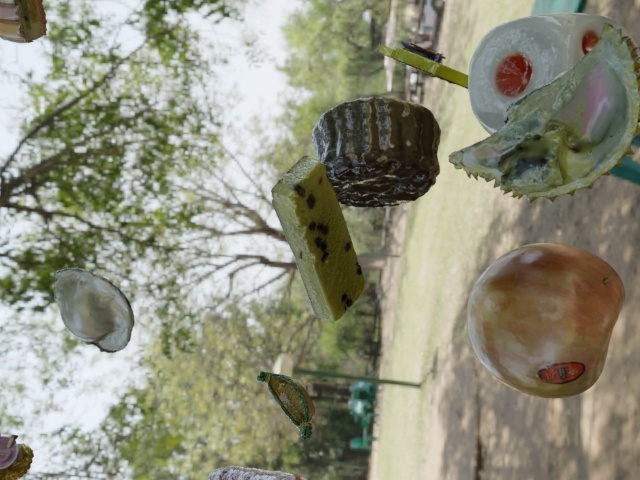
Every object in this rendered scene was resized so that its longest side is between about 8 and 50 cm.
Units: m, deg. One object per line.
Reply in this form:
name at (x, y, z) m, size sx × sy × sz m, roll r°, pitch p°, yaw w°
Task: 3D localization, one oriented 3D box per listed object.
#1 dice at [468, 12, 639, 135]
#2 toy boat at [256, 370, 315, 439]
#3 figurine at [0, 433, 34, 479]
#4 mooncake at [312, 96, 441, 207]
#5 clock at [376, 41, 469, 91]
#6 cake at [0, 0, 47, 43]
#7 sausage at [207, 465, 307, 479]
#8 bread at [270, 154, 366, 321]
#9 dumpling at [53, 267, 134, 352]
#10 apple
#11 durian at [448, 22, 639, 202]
dice at (0.560, -0.376, 1.873) m, size 0.304 × 0.304 × 0.277 m, roll -2°, pitch 87°, yaw 55°
toy boat at (-0.080, 0.432, 2.101) m, size 0.088 × 0.229 × 0.089 m, roll -8°, pitch -44°, yaw -49°
figurine at (-0.615, 0.442, 1.523) m, size 0.156 × 0.094 × 0.115 m, roll 126°, pitch 161°, yaw -63°
mooncake at (0.140, -0.207, 1.944) m, size 0.324 × 0.324 × 0.187 m, roll 85°, pitch -176°, yaw -69°
clock at (0.335, -0.524, 2.326) m, size 0.071 × 0.293 × 0.277 m, roll -67°, pitch -18°, yaw 15°
cake at (-0.607, -0.502, 1.525) m, size 0.109 × 0.090 × 0.225 m, roll -62°, pitch -26°, yaw -63°
sausage at (-0.114, 0.462, 1.450) m, size 0.433 × 0.088 × 0.088 m, roll -23°, pitch 58°, yaw 60°
bread at (0.000, 0.000, 1.751) m, size 0.138 × 0.077 × 0.361 m, roll -43°, pitch -53°, yaw -34°
dumpling at (-0.538, 0.157, 1.903) m, size 0.247 × 0.172 × 0.142 m, roll 56°, pitch -149°, yaw -15°
apple at (0.550, 0.195, 1.943) m, size 0.391 × 0.346 × 0.391 m, roll -40°, pitch -41°, yaw -46°
durian at (0.341, -0.160, 1.145) m, size 0.166 × 0.306 × 0.172 m, roll 23°, pitch -136°, yaw -49°

▬▬▬

WORK TASK: Your answer should be each line from the preceding material in which the word "object" occurs.

RESULT FOR THIS EXERCISE:
Every object in this rendered scene was resized so that its longest side is between about 8 and 50 cm.
Units: m, deg. One object per line.
Task: 3D localization, one oriented 3D box per listed object.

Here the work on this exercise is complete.